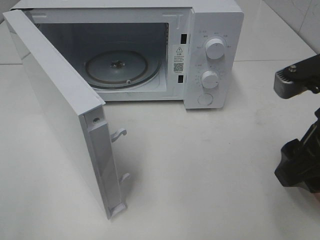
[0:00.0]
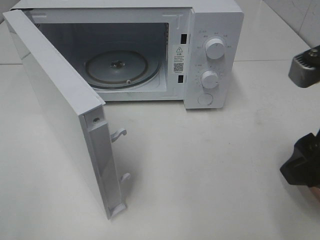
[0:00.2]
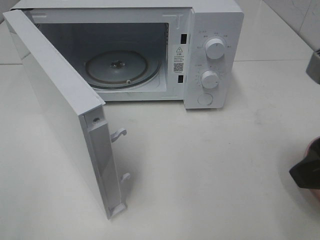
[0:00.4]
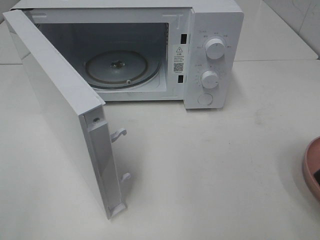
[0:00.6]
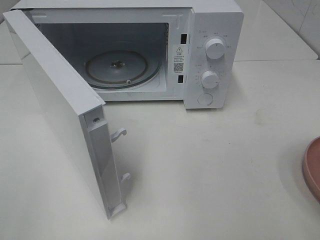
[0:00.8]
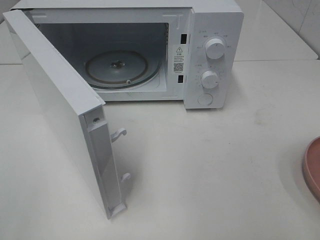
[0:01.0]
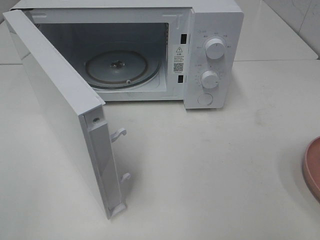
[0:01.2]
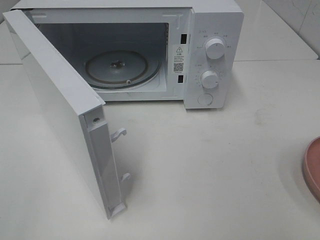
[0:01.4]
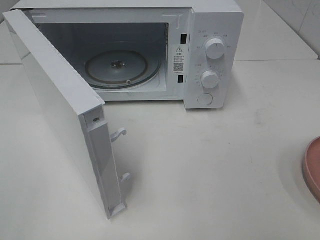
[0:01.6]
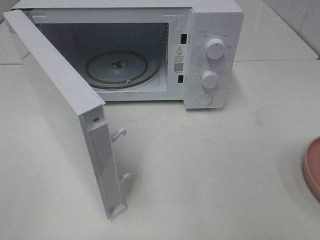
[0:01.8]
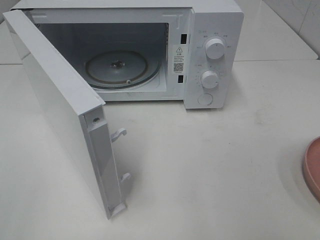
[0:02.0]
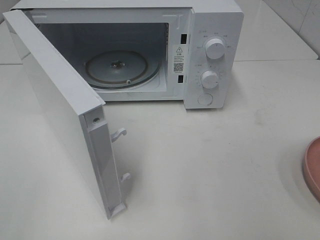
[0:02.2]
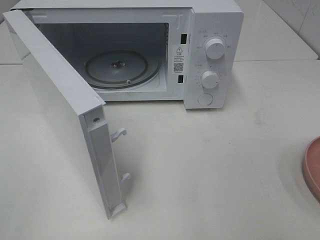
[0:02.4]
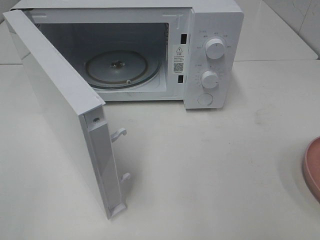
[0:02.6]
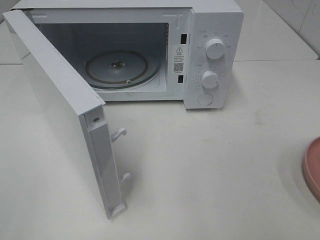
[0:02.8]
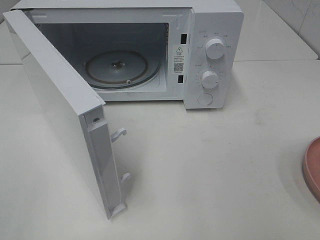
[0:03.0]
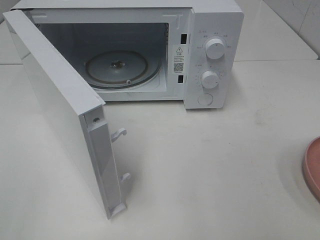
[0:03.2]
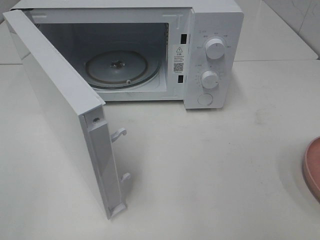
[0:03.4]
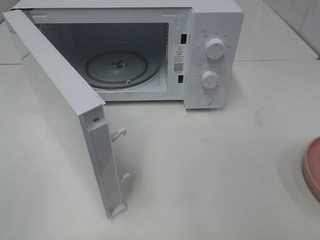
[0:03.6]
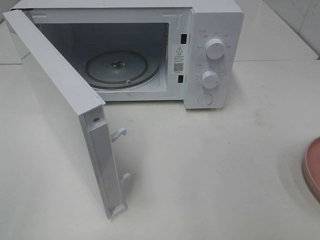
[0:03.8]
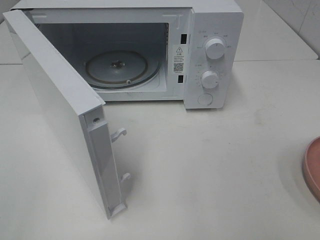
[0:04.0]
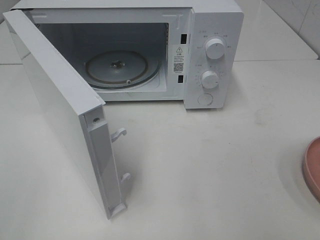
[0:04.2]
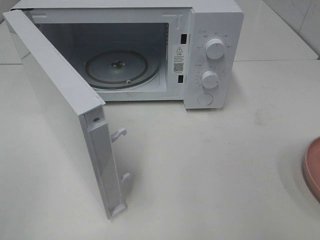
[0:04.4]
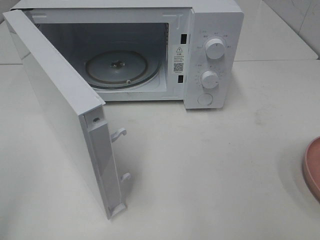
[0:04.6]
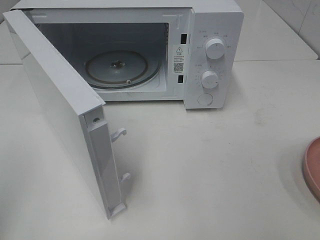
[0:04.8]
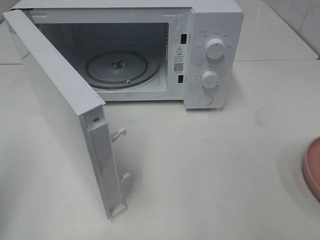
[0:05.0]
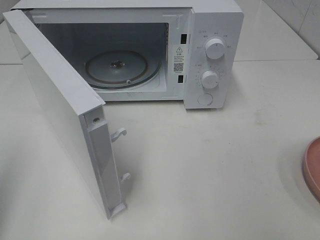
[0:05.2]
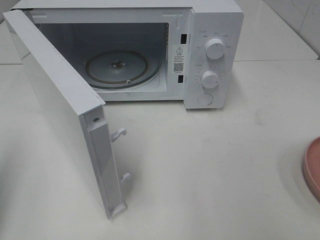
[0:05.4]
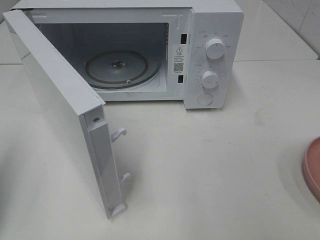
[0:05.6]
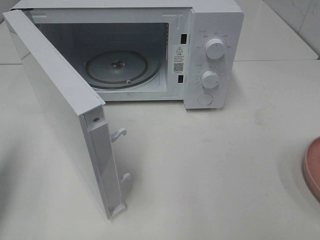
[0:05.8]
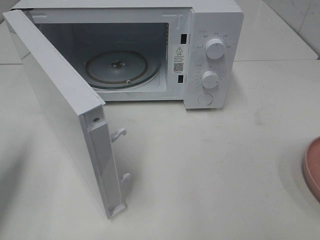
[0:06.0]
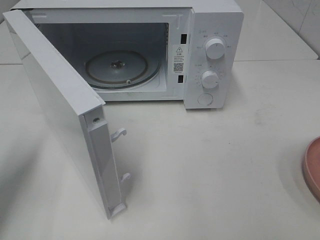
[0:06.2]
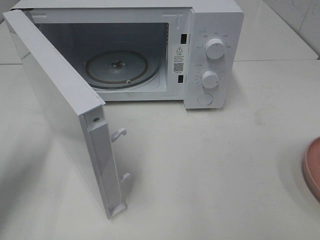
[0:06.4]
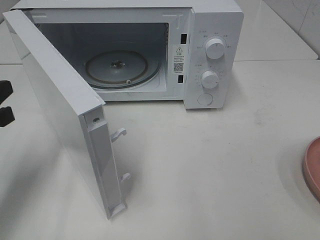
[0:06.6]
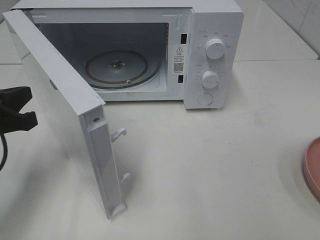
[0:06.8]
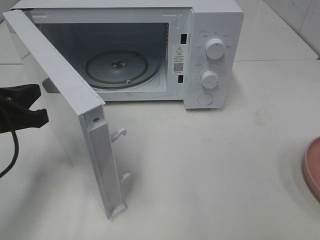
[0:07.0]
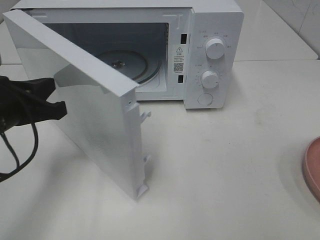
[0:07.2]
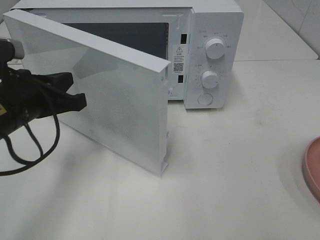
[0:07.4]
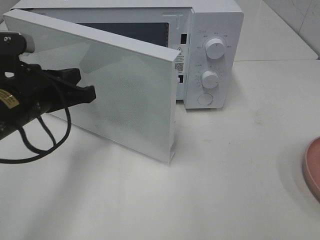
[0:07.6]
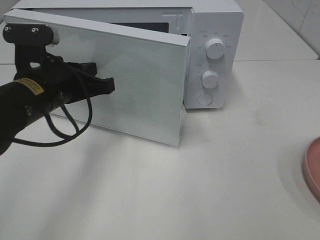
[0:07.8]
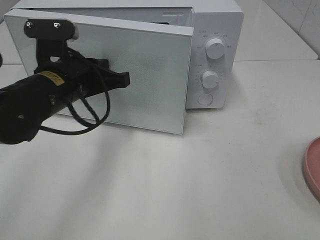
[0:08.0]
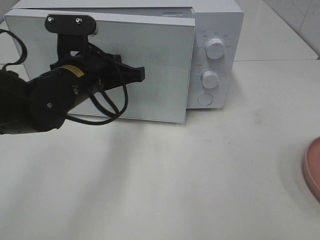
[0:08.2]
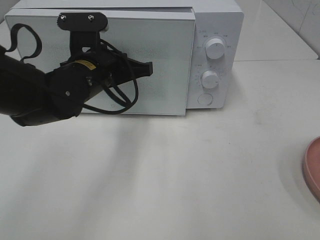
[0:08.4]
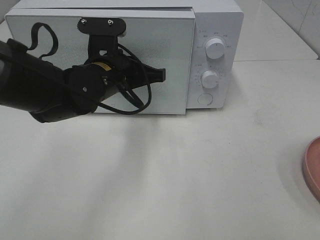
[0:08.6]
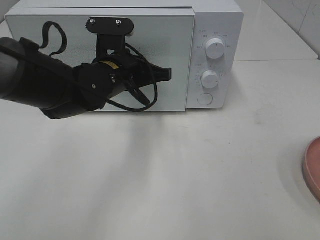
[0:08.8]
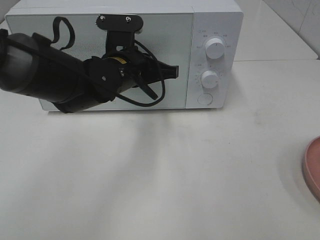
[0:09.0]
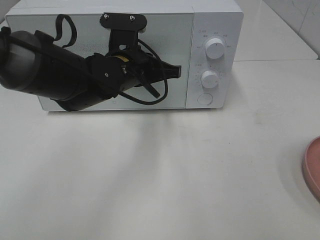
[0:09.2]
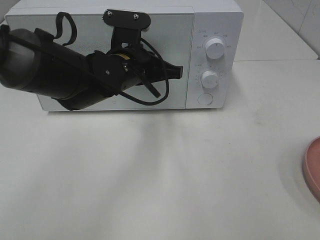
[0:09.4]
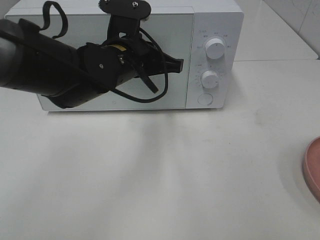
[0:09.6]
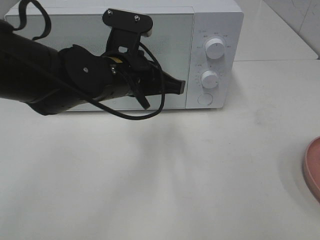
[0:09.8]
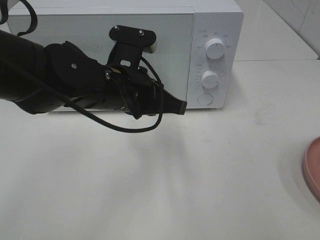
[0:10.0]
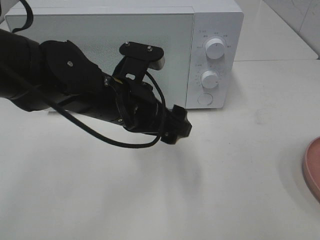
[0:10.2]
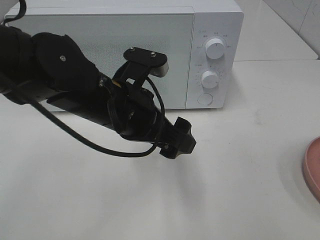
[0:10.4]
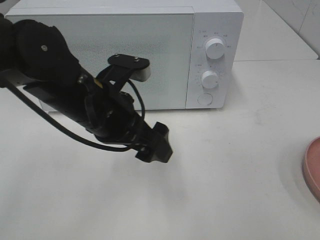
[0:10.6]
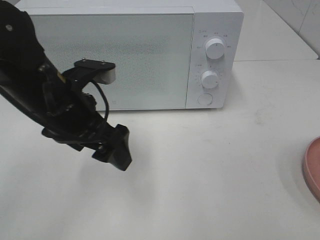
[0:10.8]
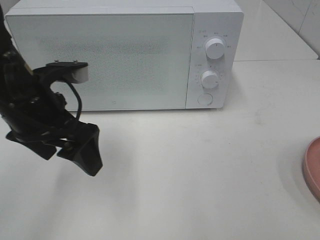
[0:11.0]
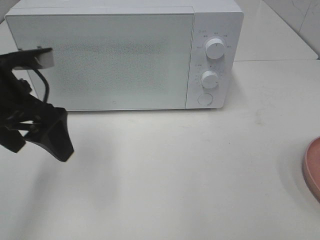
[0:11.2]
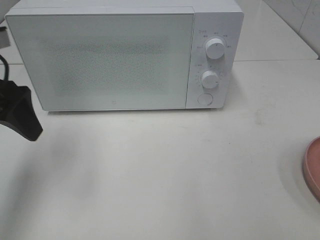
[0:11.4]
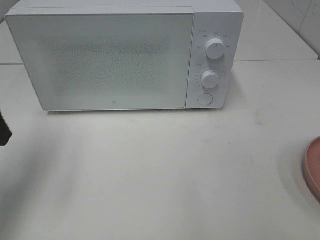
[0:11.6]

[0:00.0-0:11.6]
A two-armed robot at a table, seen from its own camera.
Task of the whole recording: Heat the burger.
Step, 0.0 to 9.8 s: Left hand: close the microwave door.
0.0 to 1.4 s: The right gripper shifts some 15 cm backward and to the right.
4.4 to 5.8 s: The left gripper is displaced forward and downward by approximately 15 cm, and closes.
5.8 to 7.2 s: The left gripper moves to the right, forward and downward, some 15 cm.
7.2 to 8.8 s: The left gripper shifts approximately 20 cm to the right and forward.
8.8 to 10.2 s: The left gripper is displaced backward by about 10 cm, and opens up.
10.2 to 11.6 s: The left gripper goes some 25 cm to the left.

※

Your task is to retype the records above in full and exactly, omitting the pictures.

» **ANSWER AREA**:
[0:00.0]
[0:00.2]
[0:00.4]
[0:00.6]
[0:00.8]
[0:01.0]
[0:01.2]
[0:01.4]
[0:01.6]
[0:01.8]
[0:02.0]
[0:02.2]
[0:02.4]
[0:02.6]
[0:02.8]
[0:03.0]
[0:03.2]
[0:03.4]
[0:03.6]
[0:03.8]
[0:04.0]
[0:04.2]
[0:04.4]
[0:04.6]
[0:04.8]
[0:05.0]
[0:05.2]
[0:05.4]
[0:05.6]
[0:05.8]
[0:06.0]
[0:06.2]
[0:06.4]
[0:06.6]
[0:06.8]
[0:07.0]
[0:07.2]
[0:07.4]
[0:07.6]
[0:07.8]
[0:08.0]
[0:08.2]
[0:08.4]
[0:08.6]
[0:08.8]
[0:09.0]
[0:09.2]
[0:09.4]
[0:09.6]
[0:09.8]
[0:10.0]
[0:10.2]
[0:10.4]
[0:10.6]
[0:10.8]
[0:11.0]
[0:11.2]
[0:11.4]
[0:11.6]

[0:00.0-0:11.6]
A two-armed robot at a table, seen from its own camera.
Task of the whole recording: Heat the burger.
Step, 0.0 to 9.8 s: Left hand: close the microwave door.
0.0 to 1.4 s: The right gripper shifts some 15 cm backward and to the right.
4.4 to 5.8 s: The left gripper is displaced forward and downward by approximately 15 cm, and closes.
5.8 to 7.2 s: The left gripper moves to the right, forward and downward, some 15 cm.
7.2 to 8.8 s: The left gripper shifts approximately 20 cm to the right and forward.
8.8 to 10.2 s: The left gripper is displaced backward by about 10 cm, and opens up.
10.2 to 11.6 s: The left gripper goes some 25 cm to the left.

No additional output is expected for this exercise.